Fig. 185?Wall Towers
Inventions for the defense of men in social life are older than history. The walls, towers, and gates represented on Egyptian monuments though dating back to a period of fifteen centuries before the Christian era, bear evidence of an advanced state of fortifications?of walls built of squared stones, or of squared timber judiciously placed on the summit of scarped rocks, or within the circumference of one or two wet ditches, and furnished on the summit with regular battlements to protect the defenders. All these are of later invention than the accumulation of unhewn or rudely chipped uncemented stones, piled on each other in the form of walls, in the so-called Cyclopean, Pelasgian, Etruscan, and Celtic styles, where there are no ditches, or towers, or other gateways than mere openings occasionally left between the enormous blocks employed in the work. As the three first styles occur in Etruria they show the progressive advance of military architecture, and may be considered as more primitive, though perhaps posterior to the era when the progress of Israel, under the guidance of Joshua, expelled several Canaanitish tribes, whose system of civilization, in common with that of the rest of Western Asia, bore an Egyptian type, and whose towers and battlements were remarkably high, or rather were erected in very elevated situations. When, therefore, the Israelites entered Palestine, we may assume that the 'fenced cities' they had to attack were, according to their degree of antiquity, fortified with more or less of art, but all with huge stones in the lower walls, like the Etruscan. Indeed, Asia Minor, Armenia, Syria, and even Jerusalem, still bear marks of this most ancient system. Stones from six to fifty feet in length, with suitable proportions, can still be detected in many walls of the cities of those regions, wherever quarries existed, from Nineveh, where beneath the surface there still remain ruins and walls of huge stones, sculptured with bas-reliefs, originally painted, to Babylon, and Bassorah, where bricks, sun-dried or baked, and stamped with letters, are yet found, as well as in all the plains of the rivers where that material alone could be easily procured. The wall was sometimes double or triple (2Ch_32:5), successively girding a rocky elevation; and 'building a city' originally meant the construction of the wall.

Fig. 186?Tower
Before wall-towers were introduced, the gate of a city, originally single, formed a kind of citadel, and was the strongest part of all the defenses: it was the armory of the community, and the council-house of the authorities. 'Sitting in the gate' was, and still is, synonymous with the possession of power, and even now there is commonly in the fortified gate of a royal palace in the East, on the floor above the door-way, a council room with a kind of balcony, whence the sovereign sometimes sees his people, and where he may sit in judgment. The tower was another fortification of the earliest date, being often the citadel or last retreat when a city was taken; or, standing alone in some naturally strong position, was intended to protect a frontier, command a pass, or to be a place of refuge and deposit of treasure in the mountains, when the plain should be no longer defensible. Watch-towers used by shepherds all over Asia, and even now built on eminences above some city in the plain, in order to keep a look-out upon the distant country, were already in use and occasionally converted into places of defense (2Ch_26:10; 2Ch_27:4). The gateways were closed by ponderous folding doors, the valves or folds being secured by wooden bars: both the doors and bars were in aftertimes plated with metal. A ditch, where the nature of the locality required it, was dug in front of the rampart, and sometimes there was an inner wall, with a second ditch before it. As the experience of ages increased, huge 'counter forts,' double buttresses, or masses of solid stone and masonry were built in particular parts to sustain the outer wall, and afford space on the summit to place military engines (2Ch_26:15).
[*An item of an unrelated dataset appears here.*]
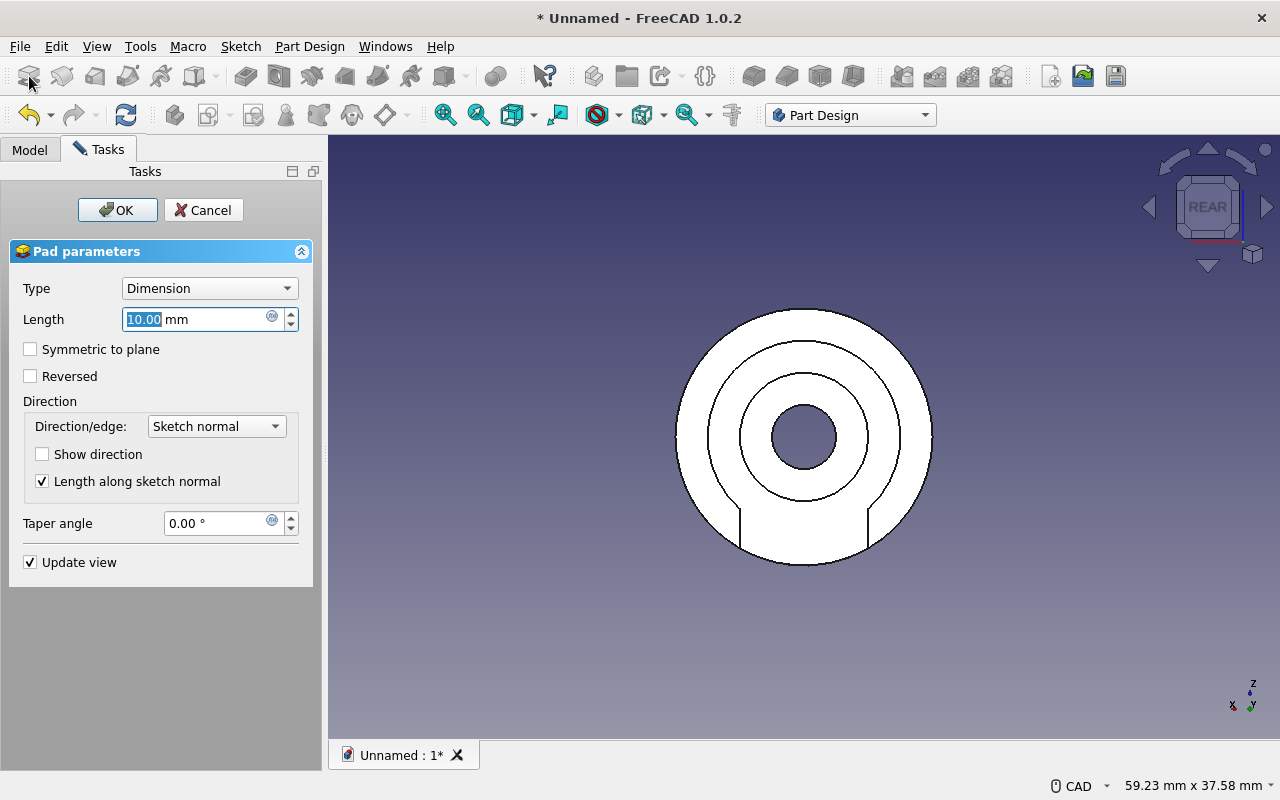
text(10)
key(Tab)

Fig. 187?A series of towers
In fig. 187, taken from another Egyptian work, we have a series of towers, that in the middle being evidently the citadel or keep, and a gateway indicating that the wall is omitted, or is intended by the lines of the oval surrounding the whole. Here also we see a regular labarum, the most ancient example extant of this form of ensign, and the towers are manned with armed soldiers. The fig. 185 is taken from a seal, and is a symbol of Babylon, where the city, sustained by two lions, is shown standing on both sides of the Euphrates, having an outer wall; the inner rampart is flanked by numerous elevated and embattled towers. There is another, but less antique representation of Babylon, with its lions and towers, etc.; but the battlements are squared, not pointed, as in the first. The towers are here crowded with soldiers, some of whom, from the form of their shields, are obviously Egyptians. These are sufficient to give a general idea of cities fenced entirely by art.
The Popular Cyclopedia of Biblical Literature
by John Kitto.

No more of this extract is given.